Functions are defined with def and return values via return.

Working with Modules & Libraries

Import modules (e.g., import os) to use their functions (e.g., file management).
Install additional libraries through Anaconda Navigator or pip.

Pandas for Data Analysis

Pandas excels in data wrangling, cleaning, and analysis, comparable to Excel but with more power.
Core data structures: Series (1D) and DataFrame (2D).

Creating & Loading DataFrames

Create DataFrames from arrays, lists, dictionaries, or CSV files using pd.DataFrame() or pd.read_csv().
CSV files should be in the same directory as your notebook for easy importing.

Exploring DataFrames

Use .head(), .tail() to view sample rows.
Attributes like .shape, .columns, .dtypes provide structural info.
Methods like .info(), .describe(), .round() give more detail.

Selecting & Modifying Data

Select columns: df['column'] or df[['col1','col2']].
Add new columns by assignment.
Use .assign(), .insert() for more controlled additions.
Perform column/row operations with built-in or custom functions using .apply() or .map().

Filtering & Sorting Data

Filter with boolean indexing: df[df['col'] > value].
Sort rows by column values using .sort_values().
Set and sort indexes with .set_index() and .sort_index().

Handling Missing Values

Identify missing values with .isnull() and handle them via .dropna(), .fillna().
Choose to drop or fill missing data depending on analysis goals.

Data Cleaning Techniques

Use string methods to clean and format text columns (.str.strip(), .str.upper(), .str.replace()).
Remove duplicates with .duplicated() and .drop_duplicates().
Count unique values with .unique() and .nunique().

Grouping & Aggregating Data

Group data by categories using .groupby() and aggregate with functions like sum(), mean(), count(), agg().
Filter groups based on aggregate conditions using .filter().

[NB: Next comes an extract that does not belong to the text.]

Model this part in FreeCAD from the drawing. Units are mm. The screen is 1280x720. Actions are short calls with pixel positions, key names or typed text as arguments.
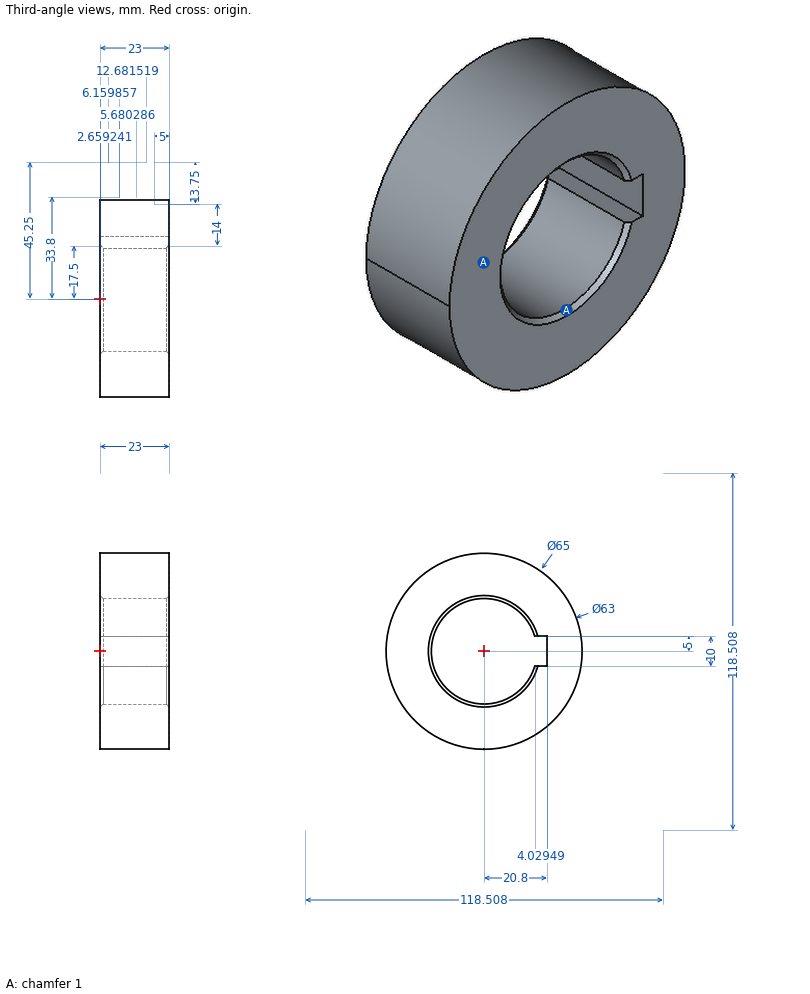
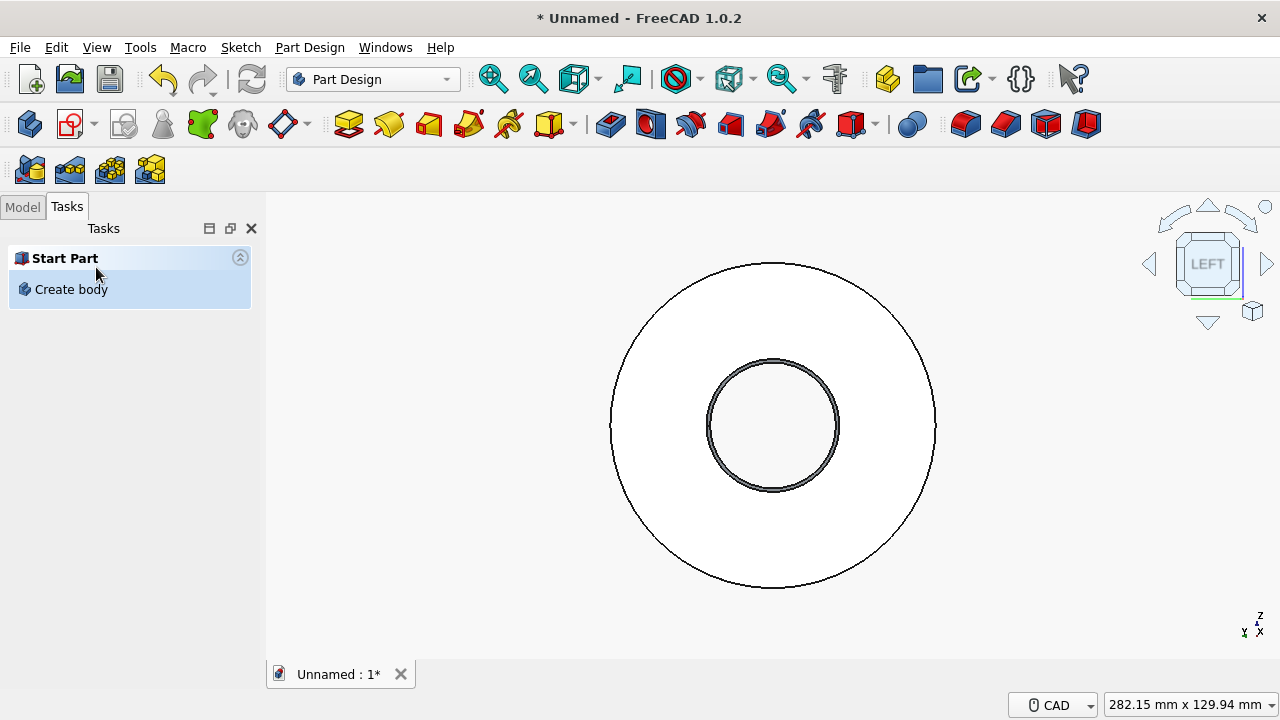
click(70, 124)

Merging & Concatenating Data

Combine DataFrames vertically (pd.concat()) or horizontally (pd.merge()).
Understand different join types: inner, outer (full), left, right, and exclusive joins.

Data Visualization

Use DataFrame .plot() method for line plots, bar charts, histograms, pie charts, boxplots, scatter plots.
Customize with arguments like kind, title, xlabel, ylabel, figsize.
For interactive plots, use libraries like Plotly with Cufflinks.

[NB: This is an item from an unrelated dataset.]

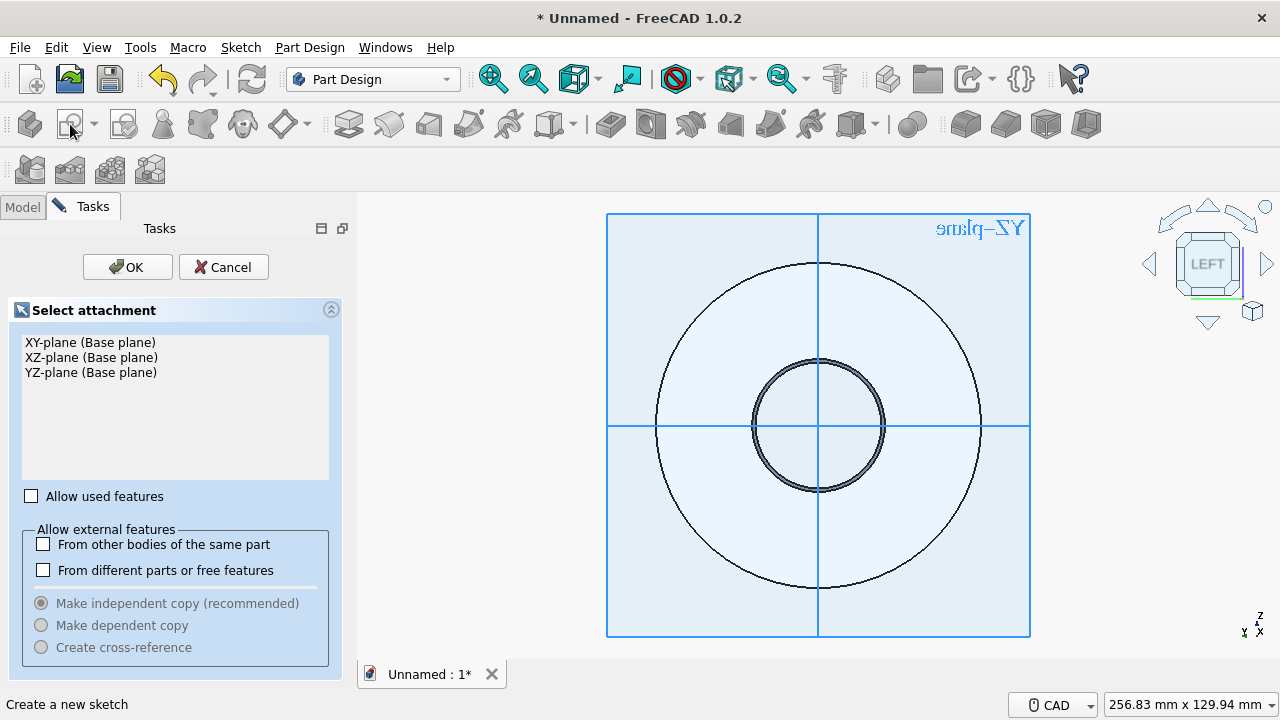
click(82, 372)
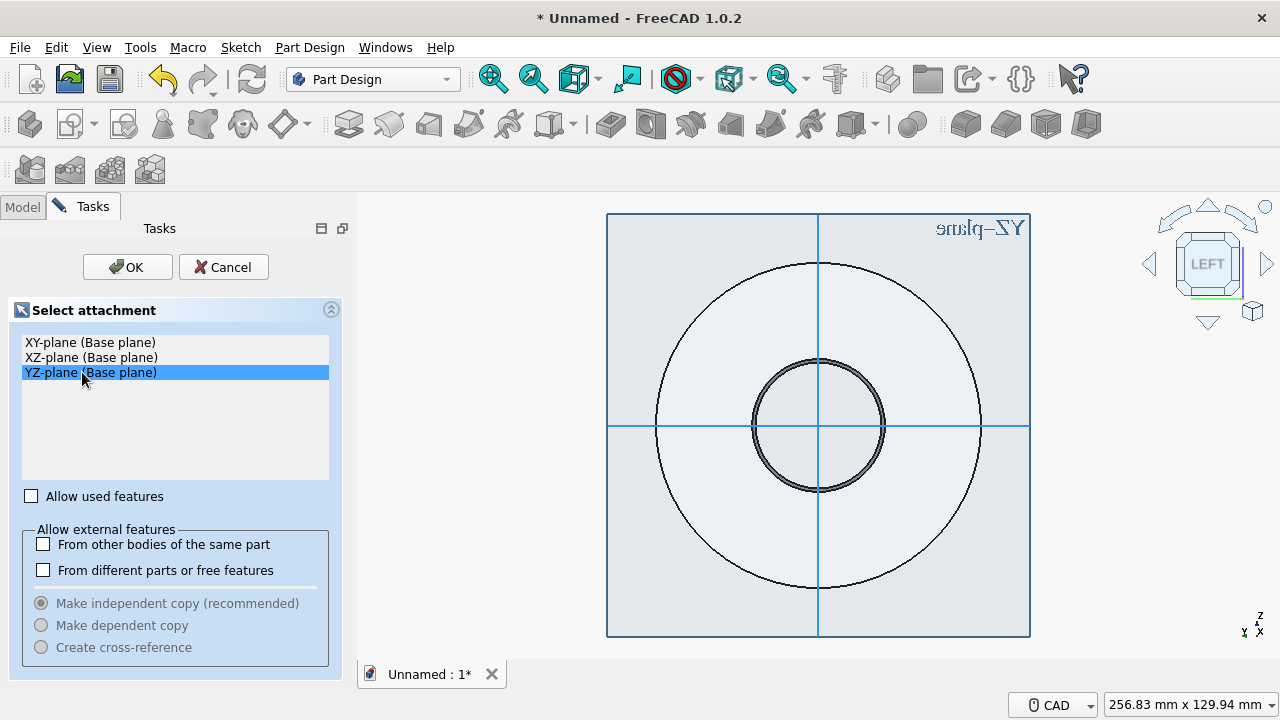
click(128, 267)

Introduction to Machine Learning

Machine learning automates pattern recognition and prediction.
Use scikit-learn (sklearn) for classic algorithms like linear regression, logistic regression, decision trees, SVM, and Naive Bayes.
Prepare data: split into train/test sets using train_test_split.
Convert text to numeric features with CountVectorizer or TfidfVectorizer.
Fit models and use metrics like accuracy, confusion matrix, F1-score, and classification report for evaluation.
Use grid search (GridSearchCV) to tune model hyperparameters.

Key Terms & Definitions

DataFrame — two-dimensional labeled data structure in pandas.
Series — one-dimensional labeled array in pandas.
Indexing — selecting elements from lists, arrays, or DataFrames using integer or label positions.
Aggregation — summarizing data via functions like sum, mean, or count.
Boolean Indexing — filtering data using logical conditions.
Regular Expression — pattern syntax for string searching or text processing.
Imbalanced Data — unequal representation of classes in a dataset.
Precision/Recall/F1 — metrics for evaluating classification models' performance.
Machine Learning Model — algorithm trained to recognize patterns and make predictions.

Action Items / Next Steps

Download required datasets and place CSV files in your Jupyter Notebook directory.
Practice importing, cleaning, and analyzing sample datasets using Pandas.
Try building a small machine learning model using scikit-learn and evaluate it with accuracy and F1-score.
Complete any assigned exercises or projects and review the provided cheat sheet for reference.